用户按照指定格式输入数字,点击排序返回对应的结果:
<!DOCTYPE html> <html lang="en"> <head> <meta charset="UTF-8"> <title>js实现冒泡排序</title> <style type="text/css"> *{ margin: 0; padding: 0; } .wrapper{ width: auto; min-width: 990px; } .main{ overflow: hidden; width: 500px; line-height: 30px; margin: 200px auto; } .main *{ float: left; } .text_box{ box-sizing: border-box; height: 30px; width: 400px; border:1px solid #999; } .right{ height: 30px; width: 50px; border:1px solid #999; border-left: none; } </style> </head> <body> <div class="wrapper"> <div class="main"> <input class="text_box" type="text" name="text_box" placeholder="输入数字,并用','号分隔"> <input id="up_counter" class="right" type="button" value="增序"> <input id="down_counter" class="right" type="button" value="减序"> <p id="sorted"></p> </div> </div> <script> var text = document.querySelector(".main>input"); var upCounter = document.getElementById("up_counter"); var downCounter = document.getElementById("down_counter"); var sorted = document.getElementById("sorted"); function getNum() { if(!text.value||isNaN(text.value.replace(/,/g,""))){ alert("输入数字,并用','号分隔"); return []; }else{ return text.value.split(",").map(function (value) { return +value }); }; }; upCounter.onclick = function (ev) { var numArray = getNum(); for(var i=0; i<numArray.length-1; i++){ for(var j = i+1; j<numArray.length; j++){ if(numArray[i]>numArray[j]){ var temp = numArray[i]; numArray[i] = numArray[j]; numArray[j] = temp; } } }; sorted.innerText = numArray.join("——"); }; downCounter.onclick = function (ev) { var numArray = getNum(); for(var i=0; i<numArray.length-1; i++){ for(var j = i+1; j<numArray.length; j++){ if(numArray[i]<numArray[j]){ var temp = numArray[i]; numArray[i] = numArray[j]; numArray[j] = temp; } } }; sorted.innerText = numArray.join("——"); }; </script> </body> </html>
1,冒泡是一个两两相比的过程,若预定索引0的位置放最小值(从小到大排序),那么数组索引为0的元素就去和剩下所有元素依次比较,当遇到比自己小的,就交换位置,始终保持0位是最小的值。

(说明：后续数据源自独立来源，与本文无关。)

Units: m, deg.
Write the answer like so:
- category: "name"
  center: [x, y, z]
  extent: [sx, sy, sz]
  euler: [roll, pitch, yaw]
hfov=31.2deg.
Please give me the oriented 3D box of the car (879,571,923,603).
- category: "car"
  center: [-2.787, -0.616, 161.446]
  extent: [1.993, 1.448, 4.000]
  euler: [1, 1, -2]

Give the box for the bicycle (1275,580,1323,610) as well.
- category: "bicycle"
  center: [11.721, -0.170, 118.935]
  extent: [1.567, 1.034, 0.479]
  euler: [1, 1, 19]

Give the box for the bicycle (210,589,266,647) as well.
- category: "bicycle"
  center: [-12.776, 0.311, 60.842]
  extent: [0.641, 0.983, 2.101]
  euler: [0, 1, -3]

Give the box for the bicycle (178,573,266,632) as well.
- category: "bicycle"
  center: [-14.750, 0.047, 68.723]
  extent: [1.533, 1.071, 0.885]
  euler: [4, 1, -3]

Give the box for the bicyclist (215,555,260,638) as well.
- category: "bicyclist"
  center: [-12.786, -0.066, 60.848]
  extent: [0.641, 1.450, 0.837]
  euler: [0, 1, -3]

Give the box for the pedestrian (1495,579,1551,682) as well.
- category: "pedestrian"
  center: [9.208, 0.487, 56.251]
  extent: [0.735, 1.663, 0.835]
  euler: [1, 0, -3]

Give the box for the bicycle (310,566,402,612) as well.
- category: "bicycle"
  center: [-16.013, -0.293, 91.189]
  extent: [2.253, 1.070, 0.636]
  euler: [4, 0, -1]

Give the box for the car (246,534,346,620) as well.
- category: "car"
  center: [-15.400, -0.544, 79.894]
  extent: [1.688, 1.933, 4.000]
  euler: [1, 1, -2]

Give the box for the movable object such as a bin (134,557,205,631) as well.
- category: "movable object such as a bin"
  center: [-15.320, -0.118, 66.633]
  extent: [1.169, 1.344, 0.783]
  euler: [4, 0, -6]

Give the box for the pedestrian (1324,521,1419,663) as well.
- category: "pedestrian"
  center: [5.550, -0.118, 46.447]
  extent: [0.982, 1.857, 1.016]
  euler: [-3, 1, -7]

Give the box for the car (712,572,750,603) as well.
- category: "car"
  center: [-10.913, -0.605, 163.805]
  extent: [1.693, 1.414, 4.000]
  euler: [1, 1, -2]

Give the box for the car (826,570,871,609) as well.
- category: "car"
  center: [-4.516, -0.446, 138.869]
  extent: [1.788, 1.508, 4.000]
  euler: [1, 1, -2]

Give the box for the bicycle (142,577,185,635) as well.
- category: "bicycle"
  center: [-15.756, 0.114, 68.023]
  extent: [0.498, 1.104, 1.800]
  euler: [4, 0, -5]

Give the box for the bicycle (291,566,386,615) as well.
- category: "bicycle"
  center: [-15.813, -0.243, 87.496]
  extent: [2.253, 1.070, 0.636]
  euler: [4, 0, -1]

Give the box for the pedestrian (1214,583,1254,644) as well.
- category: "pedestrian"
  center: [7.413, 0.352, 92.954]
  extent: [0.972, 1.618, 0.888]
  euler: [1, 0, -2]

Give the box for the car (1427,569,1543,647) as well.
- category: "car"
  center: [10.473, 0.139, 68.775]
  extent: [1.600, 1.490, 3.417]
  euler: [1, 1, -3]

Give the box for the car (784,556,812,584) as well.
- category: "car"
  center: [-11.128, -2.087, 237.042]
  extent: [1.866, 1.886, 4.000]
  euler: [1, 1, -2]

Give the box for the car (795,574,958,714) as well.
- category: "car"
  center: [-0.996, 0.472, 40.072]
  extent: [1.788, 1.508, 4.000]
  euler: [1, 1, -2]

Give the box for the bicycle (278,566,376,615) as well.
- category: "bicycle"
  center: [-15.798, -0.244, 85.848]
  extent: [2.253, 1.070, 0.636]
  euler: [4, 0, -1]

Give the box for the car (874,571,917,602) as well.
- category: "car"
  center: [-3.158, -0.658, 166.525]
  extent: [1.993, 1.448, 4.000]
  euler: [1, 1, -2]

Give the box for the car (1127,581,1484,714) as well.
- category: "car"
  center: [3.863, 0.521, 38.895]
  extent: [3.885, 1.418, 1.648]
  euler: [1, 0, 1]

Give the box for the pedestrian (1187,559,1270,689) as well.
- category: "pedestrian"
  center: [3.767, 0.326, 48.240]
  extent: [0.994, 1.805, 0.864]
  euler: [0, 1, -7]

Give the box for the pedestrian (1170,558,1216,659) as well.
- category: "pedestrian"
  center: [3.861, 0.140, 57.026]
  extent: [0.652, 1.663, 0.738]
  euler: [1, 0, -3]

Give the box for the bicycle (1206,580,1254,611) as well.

按照复杂程度最大做如下解释:
①假设数组A长度为 n,外部循环需要进行n-1次,而每次外部循环,它的内部循环就要进行n-i次比较(1≤i≤n-1),平均值为n/2次,一共就是 n(n-1)/2 次 , 时间复杂度为O(n^2)
②每次内部循环需要进行三次操作:
var temp = numArray[i]; //1 numArray[i] = numArray[j]; //2 numArray[j] = temp; //3
因此最终需要进行 3n(n-1)/2次操作时间复杂度为O(n^2)
ps:决定算法复杂度的是执行次数最多的语句,而且数量级差别过大的时候,会忽略影响不大的常量,所以n(n-1)/2的复杂度和3n(n-1)/2的复杂度都表示为O(n^2)